I did a little research on how to actually make cider. Essentially you need to press the apples to extra the juice, add a brewing yeast (not the baking sort), allow it to ferment and siphon it into a Demi John for a while before bottling. I found an overwhelming amount home-brew terminology, extra ingredients, nutrients and stuff you can add to the brew. I just wanted to make a simple cider, with no additives or sugar unless necessary, to keep the taste as true to my humble apple as possible. That said, there are a few important principles to take into account.

  • Sterilise everything.
    If you’re not sure that you did, do it again! Otherwise you could contaminate your batch.
  • Don’t fill Demi John too far up the neck.
    Otherwise if could overflow during the fermenting process.
  • Buy a hydrometer.
    It can indicate the alcohol percentage of your cider and show you when it has finished brewing and is safe to bottle.
  • Get a mix of apples (if you can).
    In theory, a mix of apple varieties in your brew will make a better tasting cider.

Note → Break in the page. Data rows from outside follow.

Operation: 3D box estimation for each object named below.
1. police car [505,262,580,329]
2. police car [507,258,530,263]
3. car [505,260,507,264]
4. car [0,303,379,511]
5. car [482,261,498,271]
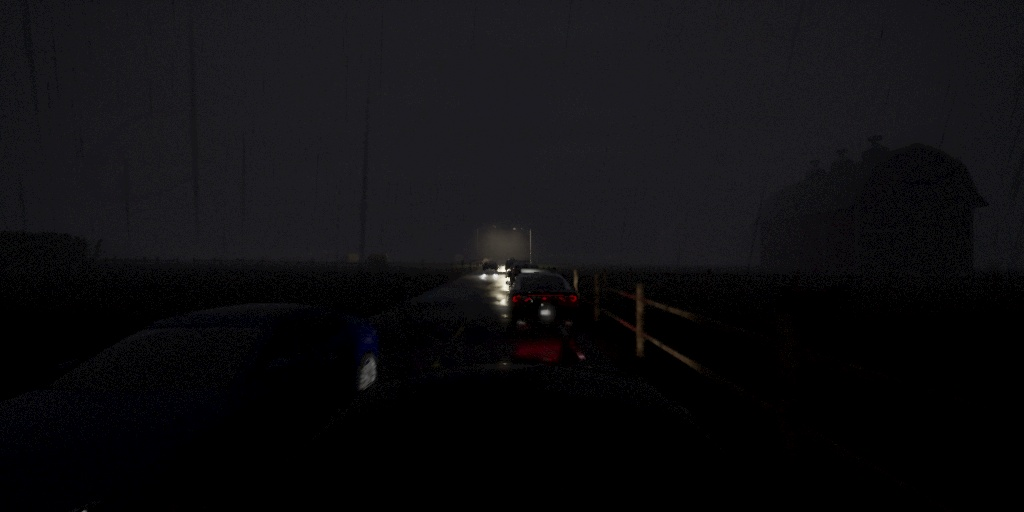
[{"bbox_3d":[0.823,1.161,11.285,1.930,1.638,5.238,0,0,0],"label":"police car"},{"bbox_3d":[0.823,1.138,27.285,1.930,1.638,5.238,0,0,0],"label":"police car"},{"bbox_3d":[0.042,1.155,49.797,1.882,1.535,5.008,0,0,0],"label":"car"},{"bbox_3d":[-2.851,1.273,3.591,1.812,1.442,4.674,0,0,0],"label":"car"},{"bbox_3d":[-2.834,1.283,46.976,1.895,1.301,4.718,0,0,0],"label":"car"}]
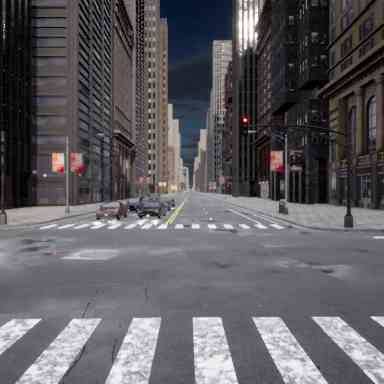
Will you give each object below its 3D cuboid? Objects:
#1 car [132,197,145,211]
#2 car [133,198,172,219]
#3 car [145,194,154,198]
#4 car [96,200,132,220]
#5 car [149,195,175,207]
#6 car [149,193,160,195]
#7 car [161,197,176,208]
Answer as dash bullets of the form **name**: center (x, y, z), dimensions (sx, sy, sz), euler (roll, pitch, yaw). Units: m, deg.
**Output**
- **car**: center (-6.675, 1.577, 37.155), dimensions (1.895, 1.301, 4.718), euler (0, 0, 0)
- **car**: center (-3.383, 1.531, 29.483), dimensions (2.033, 1.411, 5.357), euler (0, 0, 4)
- **car**: center (-6.696, 1.470, 47.395), dimensions (1.837, 1.490, 4.892), euler (0, 0, 0)
- **car**: center (-6.655, 1.510, 28.047), dimensions (1.812, 1.442, 4.674), euler (0, 0, 0)
- **car**: center (-3.426, 1.466, 39.222), dimensions (2.128, 1.511, 4.902), euler (0, 0, 0)
- **car**: center (-6.680, 1.170, 57.844), dimensions (2.150, 2.045, 5.566), euler (0, 0, 1)
- **car**: center (-3.455, 1.510, 49.774), dimensions (2.033, 1.411, 5.357), euler (0, 0, 0)

So with my research done and my apples harvested and washed, I took them to the open day and chucked them into the industrial apple chopper to make a thick apple-y pulp. Then the pulp went into the apple press! On went the lid and I turned and turned the handle to compress the pulp and release all of the sweet apple nectar! I had to repeat this a couple of times to press the 20kg of apples I brought, plus a few more that the allotment site had. This made approx. 12 litres of juice that I collected in a sanitised fermenting bucket.

At this point, you should take a hydrometer reading to test and make a note of the gravity of your juice. It was my mistake not to buy a hydrometer or test the gravity before adding the yeast which means I won’t know the exact alcohol percentage of the brew. You must take a hydrometer reading now before going any further in the process.

Some brewers also like to add a few different minerals to clean and purify the juice. Since I was about to go on holiday, I kept my method straight forward. I added 1 packed of wine yeast and some yeast nutrient to the bucket and stirred it in with a sterilised plastic spoon. Once mixed in, I semi-closed the lid of the bucket. If I had closed it completely it would have popped open due to the gas release later on!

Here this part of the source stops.